> **WHAT YOU SHOULD DO**
Every record below must be copied exactly, with images dropped.

Dataset entries:
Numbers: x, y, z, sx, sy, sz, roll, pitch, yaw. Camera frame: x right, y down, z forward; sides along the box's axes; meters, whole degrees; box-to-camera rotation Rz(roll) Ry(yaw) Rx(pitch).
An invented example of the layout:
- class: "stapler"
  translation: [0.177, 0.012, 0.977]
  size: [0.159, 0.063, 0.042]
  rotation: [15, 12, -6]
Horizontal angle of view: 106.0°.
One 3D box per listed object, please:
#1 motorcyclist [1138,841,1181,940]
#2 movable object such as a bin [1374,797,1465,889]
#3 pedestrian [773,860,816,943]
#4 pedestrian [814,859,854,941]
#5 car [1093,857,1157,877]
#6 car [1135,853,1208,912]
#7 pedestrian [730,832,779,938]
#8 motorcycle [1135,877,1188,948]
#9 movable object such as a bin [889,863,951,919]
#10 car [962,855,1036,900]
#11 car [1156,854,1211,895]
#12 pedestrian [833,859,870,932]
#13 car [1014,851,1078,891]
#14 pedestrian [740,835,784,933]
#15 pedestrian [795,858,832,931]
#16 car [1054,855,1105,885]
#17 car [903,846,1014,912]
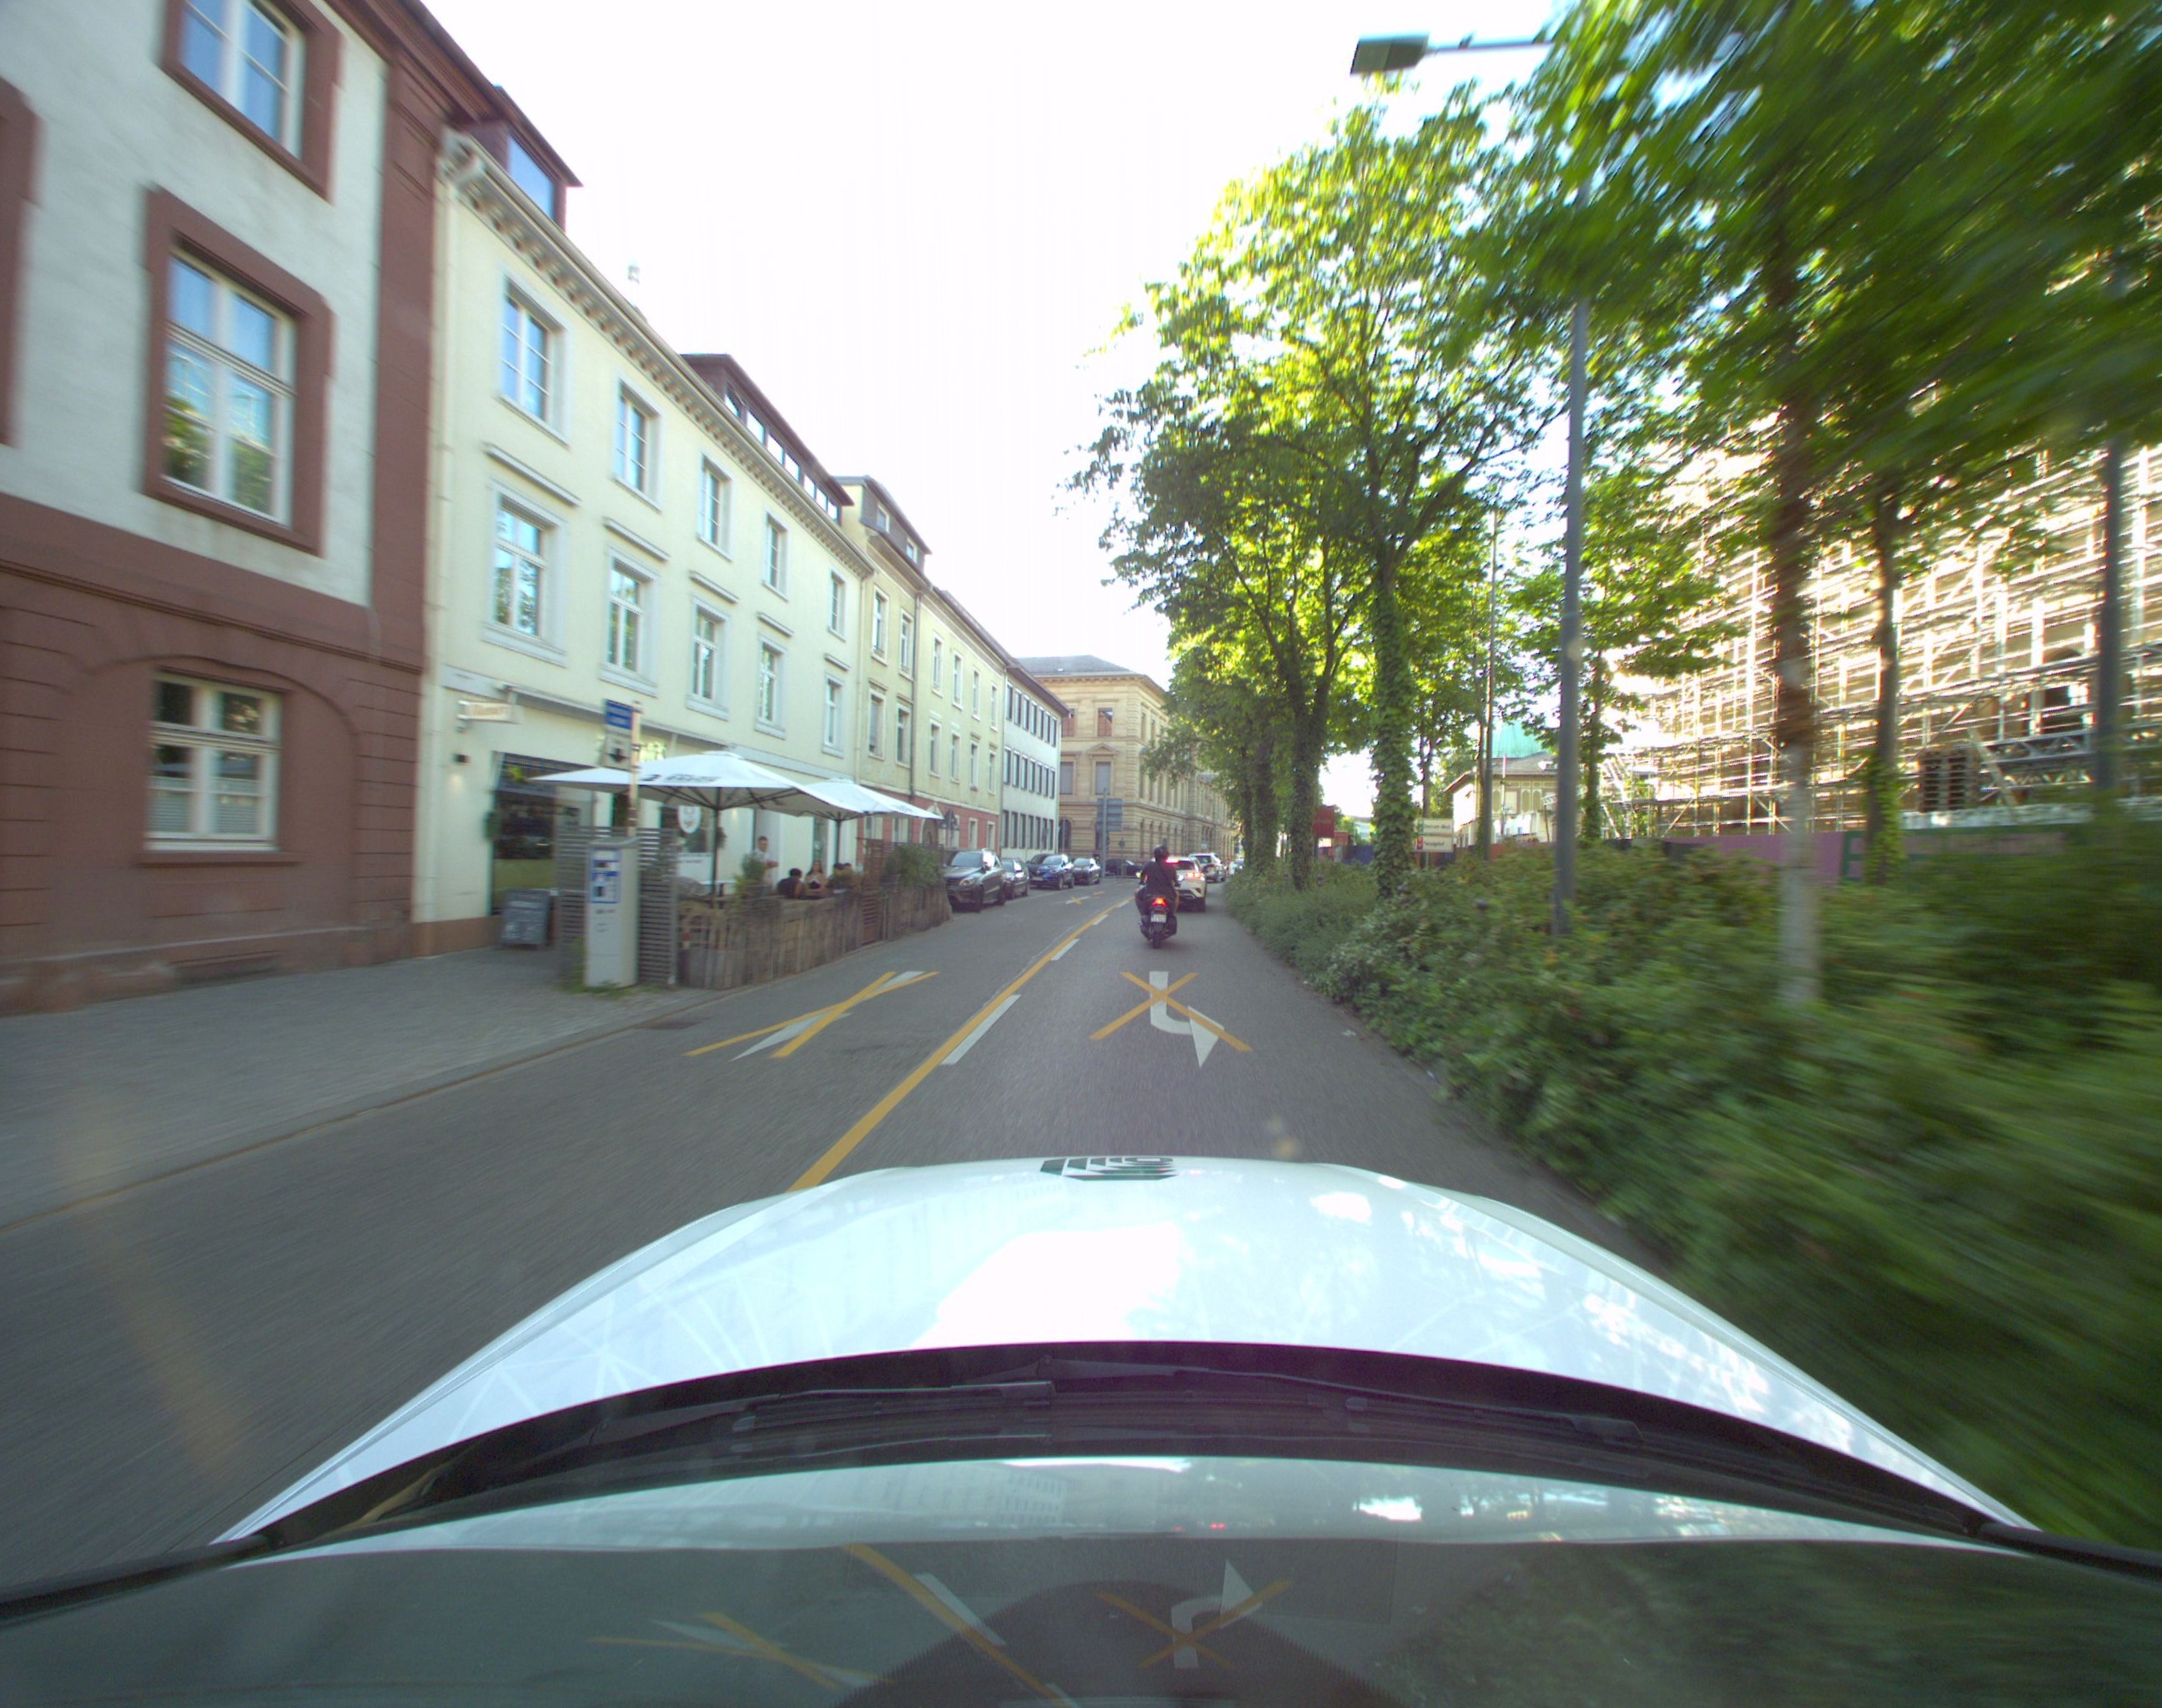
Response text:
- class: "motorcyclist"
  translation: [1.360, 0.618, 14.133]
  size: [0.654, 1.650, 0.651]
  rotation: [2, 0, 4]
- class: "movable object such as a bin"
  translation: [18.191, -0.546, 44.305]
  size: [3.284, 4.539, 7.933]
  rotation: [1, 0, 13]
- class: "pedestrian"
  translation: [-4.933, 0.801, 14.032]
  size: [0.521, 1.391, 0.488]
  rotation: [1, 0, 2]
- class: "pedestrian"
  translation: [-4.440, 0.811, 14.681]
  size: [0.468, 1.433, 0.503]
  rotation: [2, 0, 10]
- class: "car"
  translation: [3.224, 0.918, 59.080]
  size: [4.277, 1.390, 1.785]
  rotation: [0, 0, 20]
- class: "car"
  translation: [2.653, 0.748, 23.249]
  size: [1.840, 1.480, 4.067]
  rotation: [1, 0, 8]
- class: "pedestrian"
  translation: [-5.625, 0.528, 14.025]
  size: [0.591, 1.775, 0.441]
  rotation: [1, 0, 13]
- class: "motorcycle"
  translation: [1.352, 0.968, 14.016]
  size: [0.793, 1.066, 1.727]
  rotation: [2, 0, 3]
- class: "movable object such as a bin"
  translation: [-3.926, 0.886, 19.982]
  size: [1.208, 1.295, 0.933]
  rotation: [1, 0, 10]
- class: "car"
  translation: [-2.833, 0.777, 29.226]
  size: [1.644, 1.480, 4.437]
  rotation: [1, 0, 7]
- class: "car"
  translation: [4.108, 0.764, 32.175]
  size: [1.828, 1.463, 4.070]
  rotation: [2, 0, 11]
- class: "pedestrian"
  translation: [-4.495, 0.797, 15.958]
  size: [0.521, 1.391, 0.488]
  rotation: [1, 0, 2]
- class: "car"
  translation: [-1.515, 0.743, 37.395]
  size: [1.921, 1.667, 4.360]
  rotation: [1, 0, 11]
- class: "pedestrian"
  translation: [-5.965, 0.553, 15.225]
  size: [0.434, 1.775, 0.600]
  rotation: [1, 0, 18]
- class: "pedestrian"
  translation: [-5.228, 0.781, 15.942]
  size: [0.521, 1.391, 0.488]
  rotation: [1, 0, 2]
- class: "car"
  translation: [-0.008, 0.841, 44.612]
  size: [1.812, 1.503, 4.774]
  rotation: [2, 0, 11]
- class: "car"
  translation: [-3.384, 0.646, 23.548]
  size: [1.911, 1.679, 4.795]
  rotation: [1, 0, 7]

> **WORKED SOLUTION**
Numbers: x, y, z, sx, sy, sz, roll, pitch, yaw. Camera frame: x right, y down, z forward; sides along the box's axes; meters, whole degrees; box-to-camera rotation Rz(roll) Ry(yaw) Rx(pitch).
An invented example of the layout:
- class: "stapler"
  translation: [0.177, 0.012, 0.977]
  size: [0.159, 0.063, 0.042]
  rotation: [15, 12, -6]
Horizontal angle of view: 106.0°.
One 3D box per listed object, please:
#1 motorcyclist [1138,841,1181,940]
#2 movable object such as a bin [1374,797,1465,889]
#3 pedestrian [773,860,816,943]
#4 pedestrian [814,859,854,941]
#5 car [1093,857,1157,877]
#6 car [1135,853,1208,912]
#7 pedestrian [730,832,779,938]
#8 motorcycle [1135,877,1188,948]
#9 movable object such as a bin [889,863,951,919]
#10 car [962,855,1036,900]
#11 car [1156,854,1211,895]
#12 pedestrian [833,859,870,932]
#13 car [1014,851,1078,891]
#14 pedestrian [740,835,784,933]
#15 pedestrian [795,858,832,931]
#16 car [1054,855,1105,885]
#17 car [903,846,1014,912]
Response text:
- class: "motorcyclist"
  translation: [1.360, 0.618, 14.133]
  size: [0.654, 1.650, 0.651]
  rotation: [2, 0, 4]
- class: "movable object such as a bin"
  translation: [18.191, -0.546, 44.305]
  size: [3.284, 4.539, 7.933]
  rotation: [1, 0, 13]
- class: "pedestrian"
  translation: [-4.933, 0.801, 14.032]
  size: [0.521, 1.391, 0.488]
  rotation: [1, 0, 2]
- class: "pedestrian"
  translation: [-4.440, 0.811, 14.681]
  size: [0.468, 1.433, 0.503]
  rotation: [2, 0, 10]
- class: "car"
  translation: [3.224, 0.918, 59.080]
  size: [4.277, 1.390, 1.785]
  rotation: [0, 0, 20]
- class: "car"
  translation: [2.653, 0.748, 23.249]
  size: [1.840, 1.480, 4.067]
  rotation: [1, 0, 8]
- class: "pedestrian"
  translation: [-5.625, 0.528, 14.025]
  size: [0.591, 1.775, 0.441]
  rotation: [1, 0, 13]
- class: "motorcycle"
  translation: [1.352, 0.968, 14.016]
  size: [0.793, 1.066, 1.727]
  rotation: [2, 0, 3]
- class: "movable object such as a bin"
  translation: [-3.926, 0.886, 19.982]
  size: [1.208, 1.295, 0.933]
  rotation: [1, 0, 10]
- class: "car"
  translation: [-2.833, 0.777, 29.226]
  size: [1.644, 1.480, 4.437]
  rotation: [1, 0, 7]
- class: "car"
  translation: [4.108, 0.764, 32.175]
  size: [1.828, 1.463, 4.070]
  rotation: [2, 0, 11]
- class: "pedestrian"
  translation: [-4.495, 0.797, 15.958]
  size: [0.521, 1.391, 0.488]
  rotation: [1, 0, 2]
- class: "car"
  translation: [-1.515, 0.743, 37.395]
  size: [1.921, 1.667, 4.360]
  rotation: [1, 0, 11]
- class: "pedestrian"
  translation: [-5.965, 0.553, 15.225]
  size: [0.434, 1.775, 0.600]
  rotation: [1, 0, 18]
- class: "pedestrian"
  translation: [-5.228, 0.781, 15.942]
  size: [0.521, 1.391, 0.488]
  rotation: [1, 0, 2]
- class: "car"
  translation: [-0.008, 0.841, 44.612]
  size: [1.812, 1.503, 4.774]
  rotation: [2, 0, 11]
- class: "car"
  translation: [-3.384, 0.646, 23.548]
  size: [1.911, 1.679, 4.795]
  rotation: [1, 0, 7]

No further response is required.